48. The respondent states that the Tribunal Member noted that the applicant was unable to give specific details in relation to his travel to France and furthermore that he failed to seek asylum in France suggesting that he was not a bona fide refugee fleeing persecution. The applicant complains that an asylum seeker is not obliged to seek protection in the first safe country and it was submitted that no adverse inference can be drawn from this evidence. The respondent states that this submission is without regard to s. 11B(b) of the Refugee Act 1996 and the decision of Clark J. in A.R. (Georgia) v. Refugee Appeals Tribunal [2010] IEHC 487, wherein she stated as follows:-

      "The final negative finding relates to the applicant's failure to give a reasonable explanation for not seeking asylum in the first safe country in which he arrived. His explanation for staying in Russia for more than a year without seeking protection was that he might have experienced difficulties as a Georgian. However he travelled through several countries including France before coming to Ireland and the only explanation offered for not applying there was that people told him to come to Ireland. The Tribunal Member cannot be criticised for concluding that the applicant had failed to substantiate his claim that Ireland was the first safe country in which he arrived. He was perfectly entitled to rely on this aspect of s. 11B of the Refugee Act 1996 to doubt the applicant's credibility. "

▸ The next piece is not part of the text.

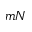Convert formula to latex. <formula><loc_0><loc_0><loc_500><loc_500>m N</formula>

49. The conclusion reached by the decision maker was one that was open to her on the evidence. She was entitled to draw an inference from the fact that the applicant did not apply for asylum in France. The finding that the applicant intended to leave his country of origin and come to this jurisdiction was a finding that was open to the Tribunal. Similarly, her finding that these actions were not the actions of a bona fide refugee fleeing persecution, was a finding that was open to her on the evidence.

Conclusions
50. For the reason set out herein, I find that the RAT erred in not granting an adjournment to the applicant so that an interpreter who understood and spoke the applicant's dialect of Albanian could be found. I am satisfied that the absence of such an interpreter was a causative factor in relation to the evidence of the applicant being taken to mean that his father would not tell him the name of the other family, lest the applicant would go and carry out a revenge killing straightaway. This was not what the applicant meant in his evidence. I am satisfied from the evidence of Ms. Bartels that what the applicant meant was that his father would not tell him the name of the other family, so that if anything happened to the father, the applicant would not be able to go and carry out a revenge killing. This error was a significant element in the finding of lack of credibility on the part of the applicant. In the circumstances, I will quash the decision of the RAT dated 14th May, 2010, and direct that the matter be remitted to the RAT for reconsideration by a different Tribunal Member.